Irish technology firms raised €739m in venture capital funding last year, a decrease of 25% on the 2017 figure, according to the latest VenturePulse survey from the Irish Venture Capital Association. The survey also showed the size of the average deal slipped by €300,000 as a result of a dip in the number of larger investments.
Sarah-Jayne Larkin, director general of the Irish Venture Capital Association, said that while funding is declining across all deals, the biggest declines are being seen in the €10m-plus deals. For companies that are scaling and raising over €10m, the deal flow is down 30% last year on the previous year.
She said that in comparison to other countries, the policy incentives here to mobilise private capital to the technology sector are just not as strong as they could be.
Ms Larkin said there is a cyclical nature to the venture capital industry in Ireland and Enterprise Ireland's Seed scheme does run on a seven year timetable and 2018 was the final year of one scheme. It is anticipated that a new scheme will be launched this year and Ms Larkin is expecting a greater degree of finance in the market this year from state sources.
However, since 2008 members of the Irish Venture Capital Association managed to take that state funding and gear it up over 15 times and then use that funding to invest in Irish SMEs. Ms Larkin described the Enterprise Ireland scheme as a cornerstone of investment, but she added that access to additional capital is also very important.

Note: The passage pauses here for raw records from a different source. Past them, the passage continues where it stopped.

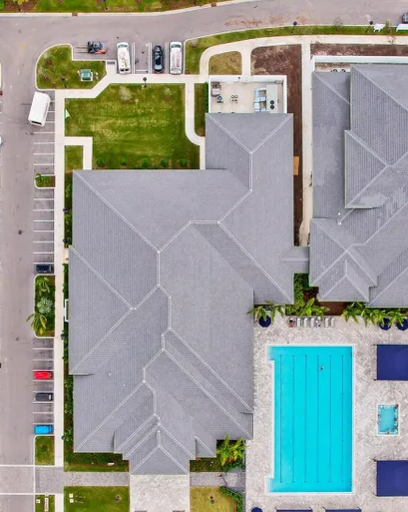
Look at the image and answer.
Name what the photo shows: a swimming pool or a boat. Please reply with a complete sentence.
Looking from above, you can make out a swimming pool.
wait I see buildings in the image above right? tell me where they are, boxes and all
[68,112,295,475]
[309,64,408,308]
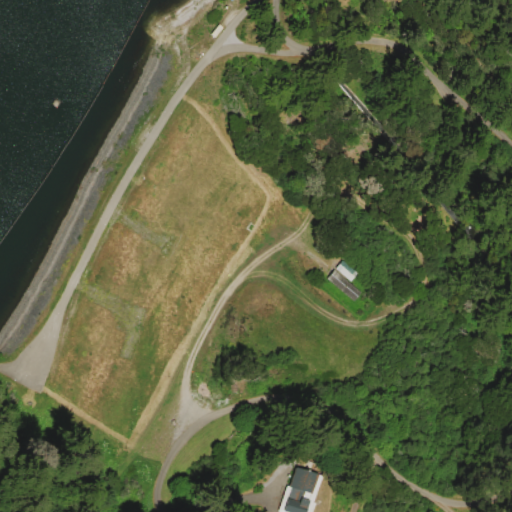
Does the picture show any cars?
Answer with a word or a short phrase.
No
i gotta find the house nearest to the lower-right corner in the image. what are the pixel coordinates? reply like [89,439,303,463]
[279,466,324,512]
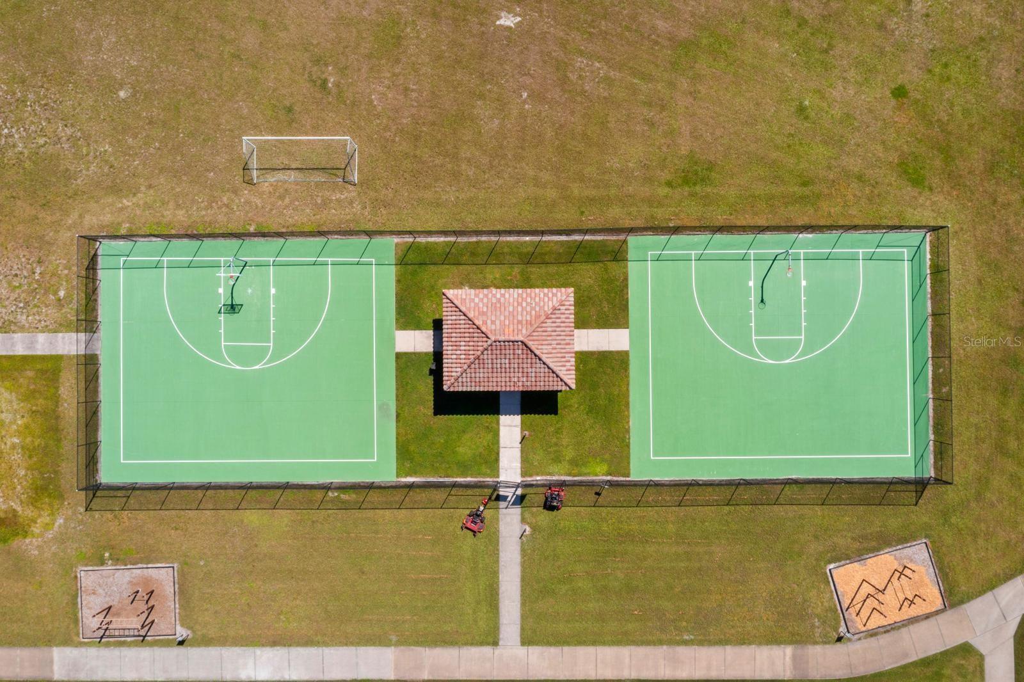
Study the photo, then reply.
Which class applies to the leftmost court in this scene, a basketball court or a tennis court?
basketball court
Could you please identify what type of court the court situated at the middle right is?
basketball court
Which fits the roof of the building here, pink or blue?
pink
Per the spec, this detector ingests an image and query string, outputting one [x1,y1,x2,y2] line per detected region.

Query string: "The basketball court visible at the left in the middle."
[100,239,396,483]
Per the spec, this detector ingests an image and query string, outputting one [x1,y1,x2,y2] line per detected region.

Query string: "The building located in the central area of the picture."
[441,287,576,392]
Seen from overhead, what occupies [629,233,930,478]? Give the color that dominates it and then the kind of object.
green basketball court
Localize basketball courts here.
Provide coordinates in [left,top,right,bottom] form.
[100,239,396,483]
[629,233,930,478]
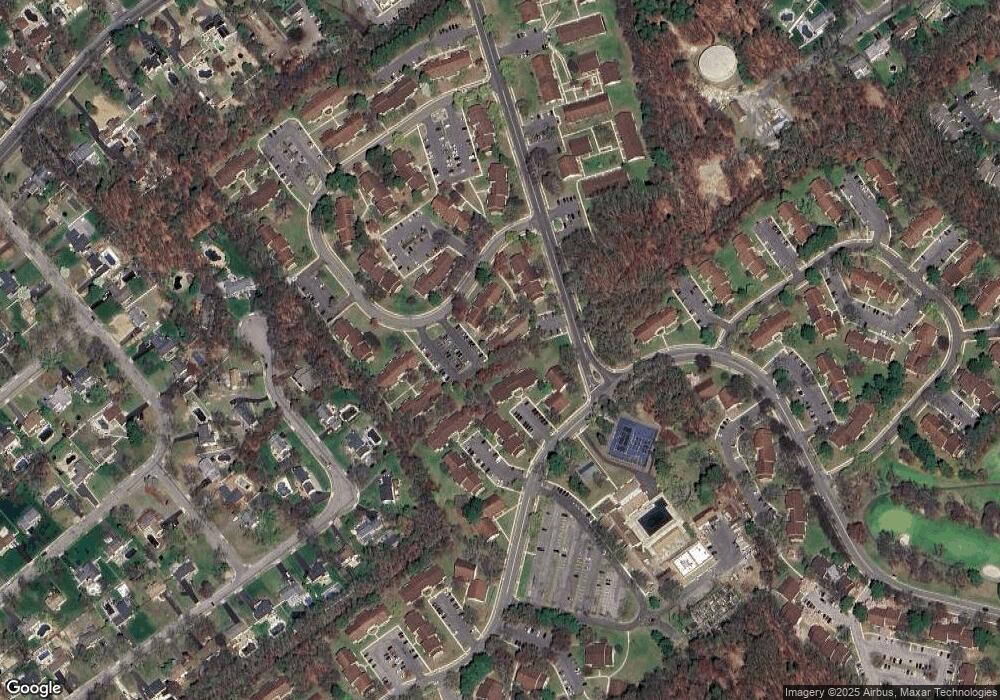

Ms Larkin said the cyclic nature of the funding means that if a cash injection comes in during year one, and if it is a seven year cycle, it is likely there will be less money in the system seven years down the line. One thing the association would like to see is an overlap so there is not a year where one scheme is running dry and a gap until another one starts, she suggested.
The options available to start-ups have expanded in recent years, with bank lending coming back on stream, more private equity money, as well as newer models like crowd-funding and so on. Ms Larkin said some of the figures released today by her association would include those other sources like private equity.
She said that all sources of capital in the Irish system are really welcome, adding that likes of crowd-funding is starting to be seen at the level where companies are just at the start-up phase and raising their very first capital to get going.
The venture capital sector really comes into place when those companies are starting to grow and really need fast access to significant levels of capital to globalise and participate on a world stage. "There is room for all forms of capital in the Irish system," Ms Larkin stated.